D5/T4.5 war unser letzter abzuarbeitender Matrixpunkt. Davor musste das Team Rheininsel noch die Kombination D5/T1 "erledigen", aber der Zufall wollte es, dass wir das mit dem letzten gemeinsamen Abenteuer kombinieren konnten. Unsere Wahl fiel auf Ein Mondschaf und verbotene Sprünge irgendwo in Gelsenkirchen. Die Koordinaten für die erste Station konnten wir uns durch das Cachechecker-Prüfprogramm bestätigen lassen. Das gab uns etwas Sicherheit (bei der langen Anreise), auch an korrekter Stelle nach dem Mikro zu suchen. Wir waren schnell fündig und konnten uns jetzt auf den Final konzentrieren. Aber der Versteckort des Final hatte es in sich. Und wieder: Wir dachten viel zu kompliziert. Glaubten wir, nur mit schwerer Kletterausrüstung an die vermeintliche Dose heranzukommen, belehrte uns ein TJ, dass wir das auch viel einfacher haben könnten. Wie, wird nicht verraten, aber uns fiel ein Stein vom Herzen: Das Gelände war an diesem Tag muggeldurchseucht und wir hätten mit Klettereinlagen viel zu viel Aufmerksamkeit auf uns gezogen. Hinweis: Der Cache ist seit März 2010 archiviert.

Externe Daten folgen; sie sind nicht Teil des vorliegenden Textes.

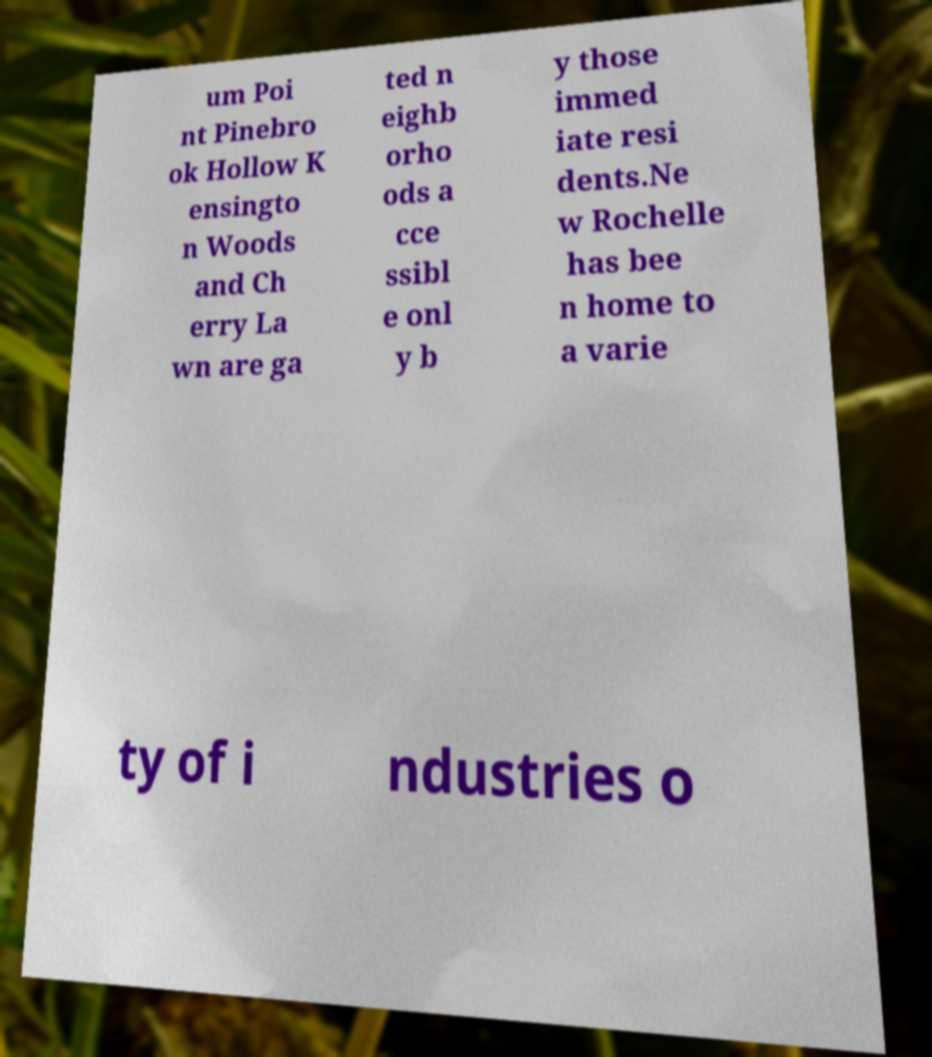What messages or text are displayed in this image? I need them in a readable, typed format. um Poi nt Pinebro ok Hollow K ensingto n Woods and Ch erry La wn are ga ted n eighb orho ods a cce ssibl e onl y b y those immed iate resi dents.Ne w Rochelle has bee n home to a varie ty of i ndustries o

So war Anfang November 2009 für Team Rheininsel und uns der feierliche Augenblick:

Wir hatten alle 81 D/T-Kombinationsmöglichkeiten erreicht. Ist doch was für die Statistik.

Wir hatten bis zum Erreichen der vollständigen Matrix unsere Statistik auch in unserem Profil auf Geocaching.com veröffentlicht. Irgendwie kam uns das dann doch zu protzig vor und so führen wir sie nur noch auf unserer Homepage weiter. Da guckt eh keiner rein!

Natürlich hatten irgendwann auch wir bemerkt, dass Groundspeak inzwischen eine komfortable Statistik im Benutzerprofil eingerichtet hat. Aber wir finden die bunte von GSAK halt schöner und so lassen wir beide stehen. Dabei fällt uns auf, dass wir noch nie am 29. Februar gecacht haben. Na, da bietet sich in 2012 doch eine echte Chance, diese Lücke auch noch zu füllen!

Nachtrag Mai 2012: Natürlich haben wir den Schalttag cachemäßig genutzt. Es gab sogar ein Event am Deutschen Eck und alle (uns eingeschlossen) kamen.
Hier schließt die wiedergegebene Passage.